O que está acontecendo? Por que os Estados Unidos podem experimentar um déficit, tomar emprestado externamente, não pagar por isso e, em vez disso, se beneficiar de maneira extraordinária? E qual é esse estranho ativo cujo valor equivale a 73% do PIB?

Em um estudo que eu recebi em 2005 junto com Federico Sturzenegger, o atual governador do Banco Central da Argentina, chamamos esse estranho ativo de “matéria escura”. Semelhante ao seu equivalente cósmico, ele não pode ser observado diretamente, mas seus efeitos são sentidos, não através de sua força gravitacional, mas através de seu desempenho financeiro. O estudo mostrou que o ativo vem principalmente do valor internacional da tecnologia de cada país, de formas que não são bem captadas pelas estatísticas, mas isso é real. Pode-se notar no extraordinário valor proveniente das atividades internacionais da Amazon, Apple, Facebook, Google, Hollywood e Uber, que não são bem captadas como exportações de bens ou serviços.

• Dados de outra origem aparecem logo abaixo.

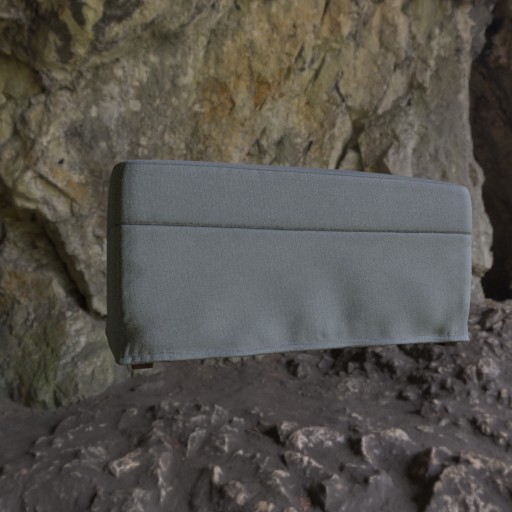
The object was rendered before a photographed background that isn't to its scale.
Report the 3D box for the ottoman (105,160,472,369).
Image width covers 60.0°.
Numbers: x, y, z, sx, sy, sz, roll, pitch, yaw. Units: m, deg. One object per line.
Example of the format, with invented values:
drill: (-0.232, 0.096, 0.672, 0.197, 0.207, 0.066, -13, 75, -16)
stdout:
ottoman: (0.000, 0.000, 1.310, 0.842, 0.441, 0.843, 0, -1, -19)
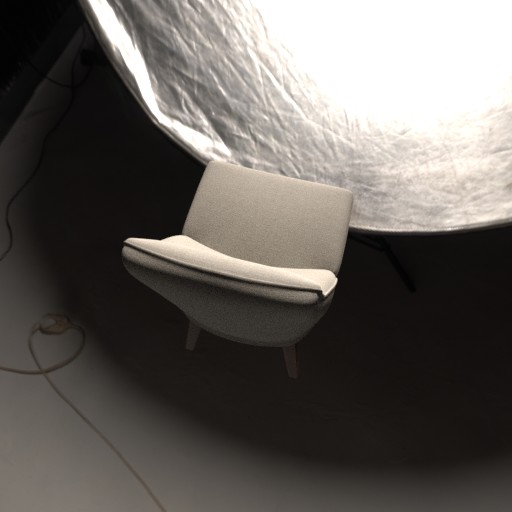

Depois de levar em conta a matéria escura, os Estados Unidos não têm déficit externo. Se a posição atual for mantida, não haverá uma acumulação real de dívida que requeira um aumento nos pagamentos líquidos futuros para o resto do mundo. Ignorar a realidade da matéria escura envolve agir como se o avião estivesse despencando quando na verdade está voando alto.

Donald Trump argumenta que uma guerra comercial é facilmente vencida pelo país deficitário, já que a outra parte tem mais a perder. Vamos pensar de novo. Não há déficit. Assim como o comércio passou de bens para serviços e depois para conhecimento, o mesmo pode acontecer com guerras comerciais. Uma tarifa sobre o aço pode ser respondida, não com uma tarifa sobre o milho, mas com um imposto sobre a Amazon ou o Google. De fato, a União Européia já está se movendo nessa direção , embora por razões diferentes. Permanecer no escuro quanto à matéria escura do comércio levará o mundo a um lugar verdadeiramente escuro.